Currently I use npm for angular projects. Before writing even hello world , I have to perform npm install on the project and install so many module to serve up small web app. This seems like we are going in the right direction, cant wait to try yarn as package manager.
This is soon to be solvable by mounting the cache directory during the build, thankfully: https://github.com/moby/buildkit/pull/442 ("dockerfile: add run --mount support #442 ")
That is not something I'd want to do. Docker's solution is good enough for almost every build that happens. I can eat the time cost not covered by that solution and not have to worry about bugs stemming from improper copying of dep snapshots.
The problem in javascript seems more an ideological one where programmers instantly reach for a package that has multiple dependencies of which those dependencies have even more dependencies.
There's this culture of not caring about bloat it seems in the vast majority of javascript projects. left_pad comes to the mind as the poster boy for this stuff.
Yes and no. It's more a question of degrees and developer culture. I think JS just has a stronger "glue stuff together" mentality combined with the lack of a thorough standard API.
In my experience, C# libraries tend to be more averse by default to taking on extra dependencies, but that's in part because .NET already does so much work for you.
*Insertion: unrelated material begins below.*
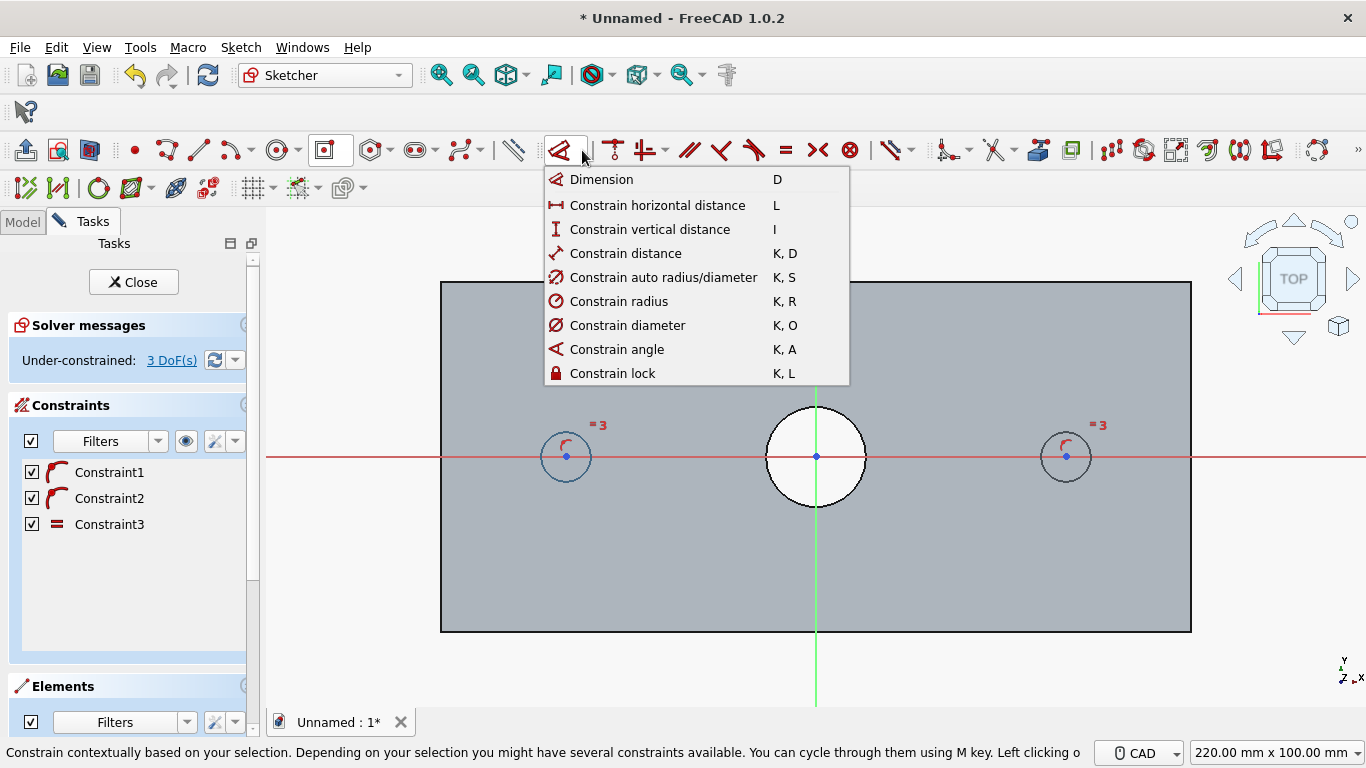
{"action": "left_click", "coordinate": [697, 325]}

Python is a bit less averse, but certainly not to the level of JS where you can easily end up with hundreds of nodes in the dependency graph. But then Python isn't used much for client UI code.
Part of the problem comes from using a popular package. That package could be importing 100’s of other things.
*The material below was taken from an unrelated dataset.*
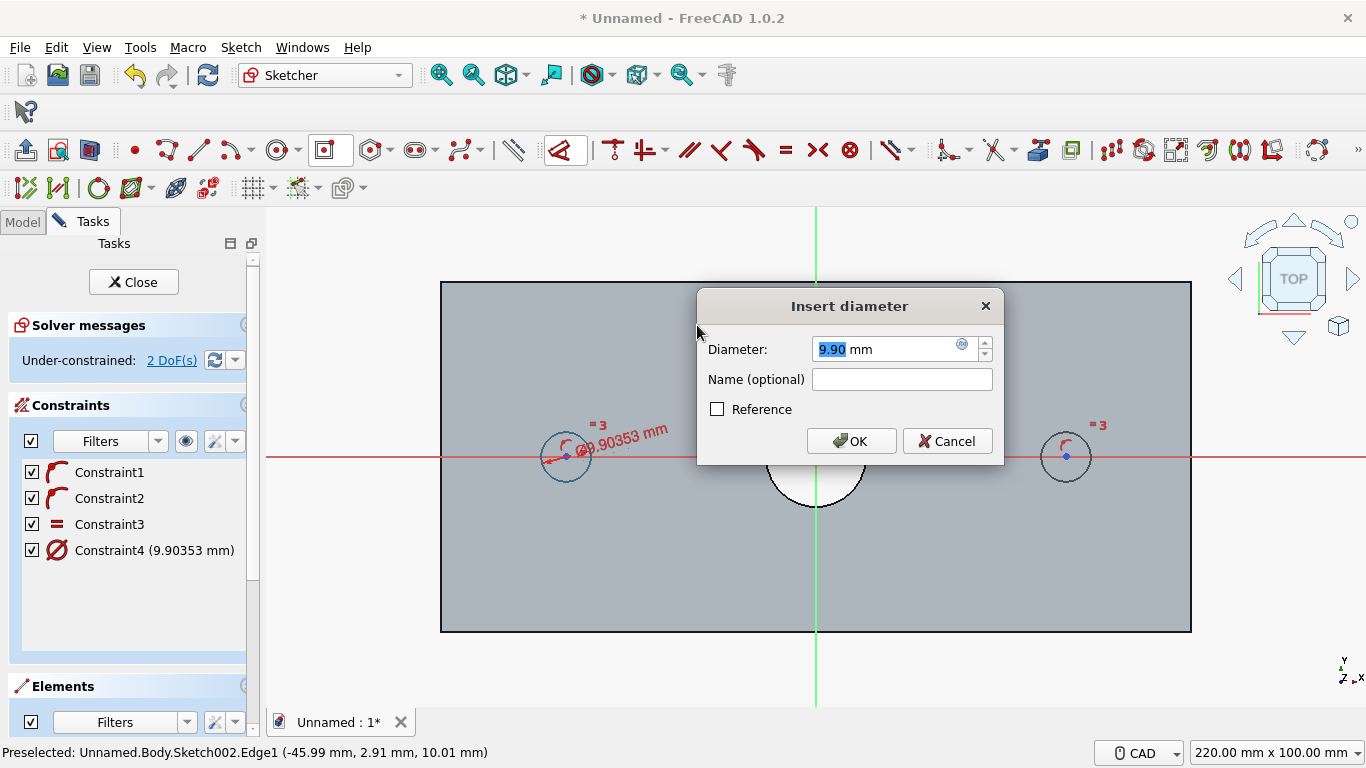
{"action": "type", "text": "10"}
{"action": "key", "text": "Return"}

Typescript is one of the very few node modules that is very self contained. You install babel, webpack and eslint and that’s easily over 1k packages.
So yes, js ecosystem is a nightmare for security folks since anyone of those thousands of packages could access filesystem, network and create Backdoors.
Our express site got hacked because one of the sub dependencies was compromised.
Seriously stay away from using nodejs to serve production traffic for serious projects using glued packages. If you want to do it, use extremely thin, well vetted packages and be very mindful of upgrades.
It's just what the Node path resolution standard uses, which is also how Local Modules (the "/src/node_modules" structure) allows you to import other files with clean paths, without having to add a config in every tool of the toolchain, post-install symlinks, or any other non-crossplatform tricks. It just works because it's literally what Node uses to resolve paths, and all build tools are based on Node, so when you stick to the standard resolution, you can add new tools to the toolchain without needing a bunch of configs for them to find your files. For example, it's now also the default resolution in Typescript as well.
The only time /src/node_modules doesn't work is when tool goes out of its way to break it, and wrongly assumes that node_modules can only ever be used for external thirdparty code (e.g. Jest).
So best of luck to make Node + NPM + Yarn to agree on a new path resolution syntax, but I hope we won't end up with another tool-specific resolution that only works in Yarn.